Bedford-Stuyvesant, quartier majoritairement noir de Brooklyn, fait partie, avec Harlem à Manhattan et plusieurs parties du Queens et du Bronx, de ces quartiers new-yorkais où les violences flambent depuis juin.

A deux rues du parc où est mort le bébé, un homme de 62 ans a été tué fin août après avoir été pourchassé jusque dans une église, où il travaillait comme gardien. Le lendemain, un autre jeune qui passait par là recevait une balle dans le ventre.

« Avec les fusillades, le parc s’est vidé, les enfants ont peur de sortir et de s’amuser », déplore M. Gardner. 

Vendeur devenu chômeur avec la pandémie, il a célébré malgré tout, samedi dernier, ce qui devait être le deuxième anniversaire de son fils. Dans un autre parc du quartier, il avait apporté un gâteau d’anniversaire et invité des proches, des policiers, et des jeunes de l’association municipale de prévention de la violence SOS (« Save our Streets », « Sauvez nos rues »), illustrant sa volonté d’unir leurs forces face aux fusillades.

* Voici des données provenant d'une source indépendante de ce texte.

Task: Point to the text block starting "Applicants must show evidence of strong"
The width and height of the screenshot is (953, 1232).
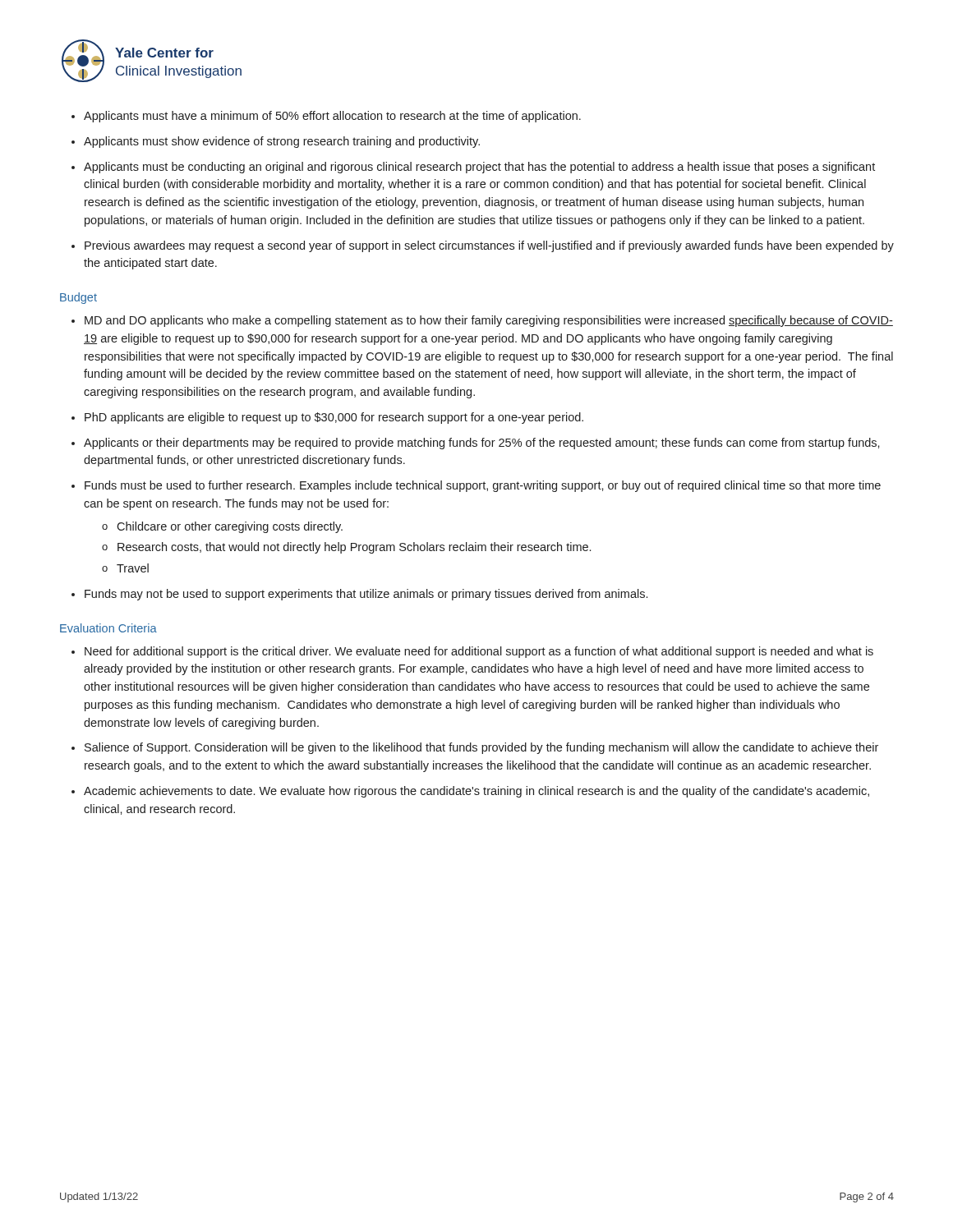Action: [x=282, y=141]

– Concours de circonstances inédit – 

Entre mai et août, New York a enregistré 180 homicides, 51% de plus que sur la même période de 2019, et près de 800 fusillades (+140%). 

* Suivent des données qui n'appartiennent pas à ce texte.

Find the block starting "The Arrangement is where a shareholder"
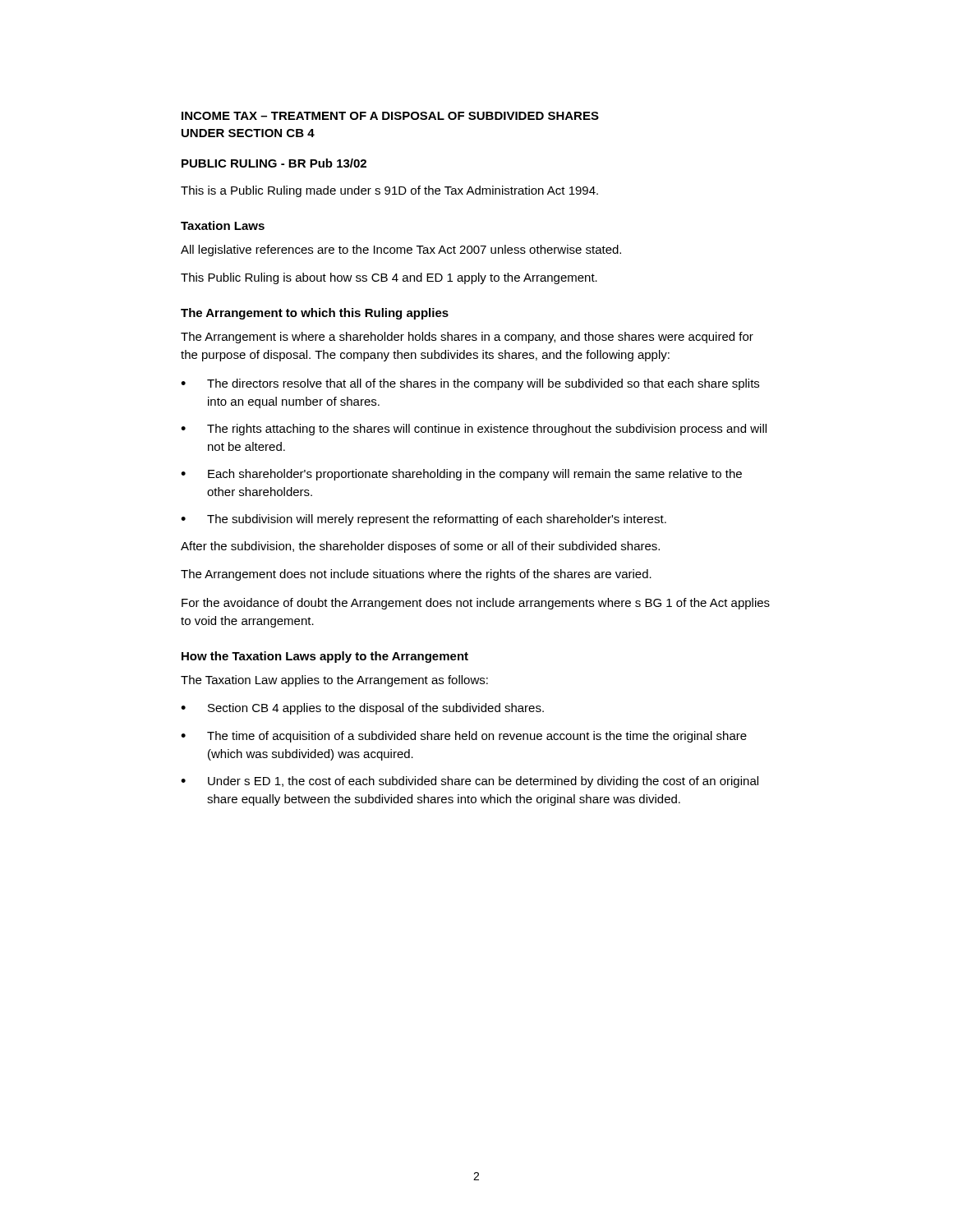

Dans la plupart des cas, les victimes, comme Davell, sont noires ou hispaniques, comme leurs agresseurs.

Donald Trump a fait de cette flambée de violences, qui touche New York, sa ville natale, mais aussi beaucoup d’autres grandes villes américaines, un thème de sa campagne de réélection, traitant leurs élus, majoritairement démocrates, de laxistes. 

Mais les criminologues font valoir que les violences urbaines augmentent toujours l’été. Et malgré la hausse des fusillades depuis mai, les chiffres actuels sont comparables à ceux de 2010, loin de la criminalité endémique que New York connaissait dans les années 1970-80, souligne John Pfaff, professeur de droit pénal à l’université Fordham.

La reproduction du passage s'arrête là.